The next year (1931), a group of 14 experts from the prefectural office led by the governor visited his factory. After the tour, Governor Shinichi Sagami then asked Raymon to come up with another plan for the development of Hokkaido — reawakening Raymon’s dream for his Hokkaido Development Concept. He submitted a new Food and Self-sufficiency System plan that proposed the construction of a semipermanent, sustainable “circular livestock system” in Hokkaido — which would ensure a stable food supply, employment and livelihoods for local people. Yet, despite the governor himself requesting this plan, it was rejected again.

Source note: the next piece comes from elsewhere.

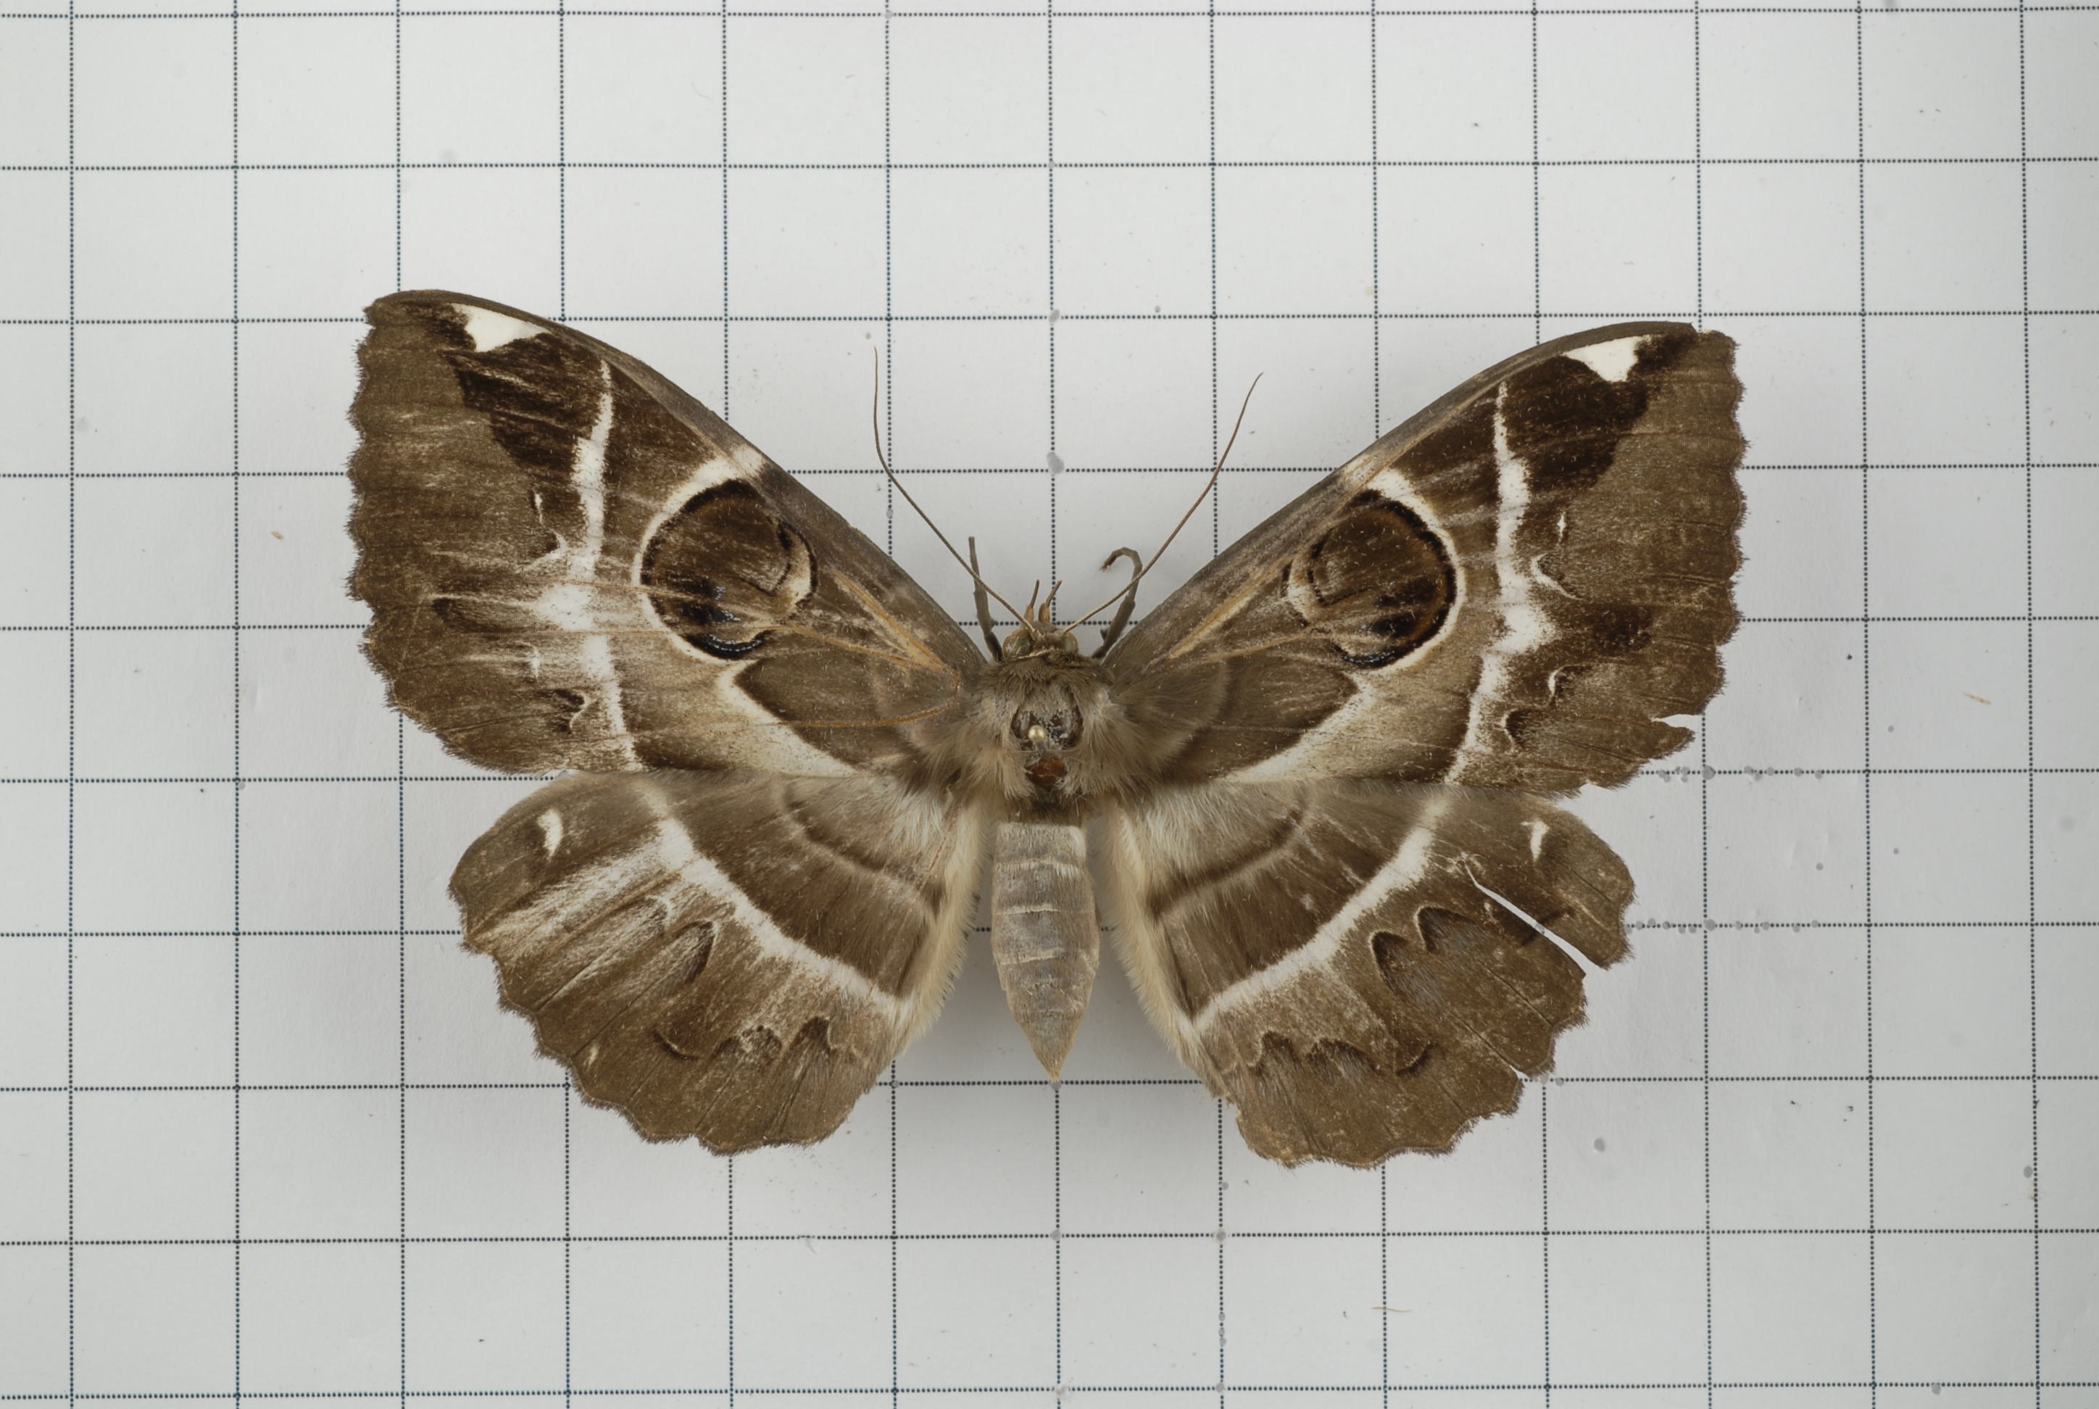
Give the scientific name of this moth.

Yet Raymon did not lose heart. In 1932, two years after opening his Goryokaku factory, he began constructing a factory in Ono (part of modern day Hokuto city) in cooperation with local farmers; and it became a major ham and sausage production center featuring everything from housing, barns, pasture and silos to a slaughterhouse — a miniature version of his Hokkaido Development Concept. The factory’s success became known by farmers near and far. In 1935, Raymon was contacted by the Kwantung Army and South Manchuria Railway, saying that they needed his help breeding livestock in Manchukuo. Raymon saw this chance to bring his development concept for livestock to life in the wider lands of Manchuria. In various parts of Manchuria, he opened 10 trial stations for livestock that had both facilities for rearing animals and for creating ham and sausage. Raymon returned to Hakodate in 1938 feeling very enthused by his success.

What awaited him in Hakodate was poor treatment by the Hokkaido government. The government decided to give the Hokkaido Dairy Sales Association, known as Rakuren, a monopoly on meat processing in Hokkaido. When Raymon was summoned to the prefectural office, he was given a contract telling him to sell his Ono factory to Rakuren for 50,000 yen (equivalent to around 40 million yen today) — a forced buyout. The contract also stipulated that, from then on, he was no longer allowed to produce ham and sausage.

With no other choice, Raymon bought a small house in Hakodate’s Motomachi district and lived a quiet life with his wife and three-year-old daughter. Before long, war broke out; and the family was forced to fight against undeserved persecution and discrimination, which lasted until Japan was defeated in 1945. Even after experiencing persecution and forced forfeiture of his assets by the government, Raymon remained in Hakodate and campaigned for peace — continuing to call for European unity. In 1950, Raymon designed and proposed a flag with a star to represent European unity; and this formed the underlying concept of the current EU flag.

These days, the Hakodate Carl Raymon factory is still infused with the dedication and determination of those times. One factory employee said, “Nothing has changed about the way we work since Raymon was in charge. We continue to respect and follow his philosophy of ham- and sausage-making. I grew up here loving these sausages and wanted to work in the factory; so, I’m really happy.”

They follow Raymon’s philosophy: “Food must be kind to the body. It’s important to feel like a mother cooking for her children. That’s why the factory is like a kitchen.” To this day, the company manufactures products using only the freshest Hokkaido meat with no excess additives or preservatives. The careful, handcrafting techniques have been scaled up — enabling the company to deliver products to even more people while continuing to follow Carl Raymon’s ideals. It is a steadfast way of working that is spreading from Hakodate throughout Japan — where local residents participate both as consumers and producers.